Maximal amplitude and time for the peak to decline to 80% of its amplitude (T80) (Figure S3B) were calculated using the FAST Analysis software version 4.4 (Quanteon, LLC, Nicholasville, KY, USA). The percentage of the reference peaks was calculated for the peaks following systemic injection. The amphetamine group was further divided into LRT and HRT. A repeated measures ANOVA, comparing the saline and the two amphetamine groups over time, was used followed by Fisher's LSD post-hoc test. Relationship between amplitudes and T80 values and behavioral data was investigated using multivariate data analysis, followed by Spearman rank order correlations.
A median split of the duration (%) in the inner part of the open field was used to classify all animals as either LRT or HRT. The median was 6.2% (range 2.3–16.3%). Representative traces from the open field can be found in Figure S4.
The open field test
Differences between the LRT and HRT rats were found in several parameters, (Table S1), including duration (%) in the inner part (U = 0.0; p < 0.001), used to classify the animals. The HRT animals had higher total activity (U = 17.0; p < 0.001), reared significantly more (U = 53.0; p = 0.02) and traveled both longer (U = 54.0; p = 0.03) and faster (U = 55.5; p = 0.03) in the arena and longer in the center (U = 22.0; p = 0.03) and inner circle (U = 31.0; p = 0.001) than the LRT rats.
Correlations were found between the duration (%) in the inner part and total activity (ρ = 0.85; p < 0.001), total distance (ρ = 0.59; p < 0.001) and rearing (ρ = 0.60; p < 0.001), Figures 1A–C.
Figure 1. Spearman rank order correlations between the parameter duration (%) in the inner part of the open field, used to classify the animals into the low (LRT, N = 14) or high risk taking (HRT, N = 15) groups, and (A) the total activity [ρ = 0.85; p < 0.001], (B) the total distance traveled [ρ = 0.59; p < 0.001], and (C) rearing [ρ = 0.60; p < 0.001] in the open field test.
The multivariate concentric square field™ test
The HRT rats had higher frequency (U = 48.5; p = 0.04), duration (U = 47.0; p = 0.03) and percent duration (U = 47.0; p = 0.03) in the central circle, used for interpretation of risk-taking behavior, compared to LRT rats (Table S2).
Trend analysis. The trend analysis did not reveal any differences between the groups, Figure 2A. However, when dividing the risk-taking category into central circle-related parameters (frequency, duration and duration per frequency in the central circle), and bridge-related parameters (frequency, duration and duration per frequency on the bridge), the risk taking in the central circle was significantly higher in the HRT compared to the LRT (U = 43.0; p = 0.02) rats, Figure 2B.

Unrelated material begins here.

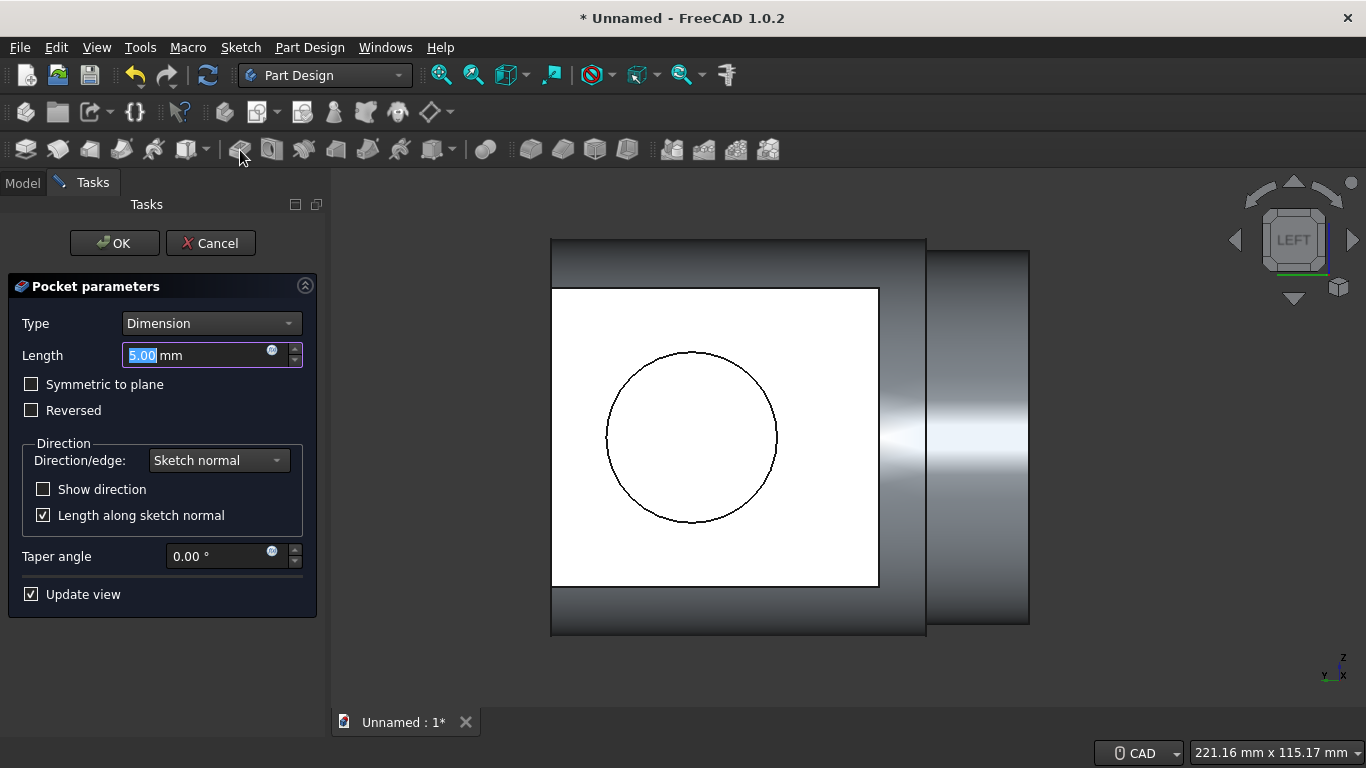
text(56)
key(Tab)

Figure 2. Trend analysis of (A) all functional categories and (B) the risk taking category divided into central circle- and bridge-related parameters in the low (LRT, N = 13) and high risk taking (HRT, N = 14) groups in the multivariate concentric square field™ (MCSF) test. Data are shown as boxplots with the median and 25–75 percentiles and non-outlier range. *p < 0.05 compared to the LRT group. General activity, total activity, frequency and duration/frequency in all corridors and frequency in center; exploratory activity, duration in all corridors, center and hurdle, rearing and photocell counts; risk assessment, duration/frequency on slope and bridge entrance and stretch attend postures to center; risk taking, frequency, duration and duration/frequency on the bridge and in the central circle; shelter seeking, frequency, duration and duration/frequency in the dark corner room.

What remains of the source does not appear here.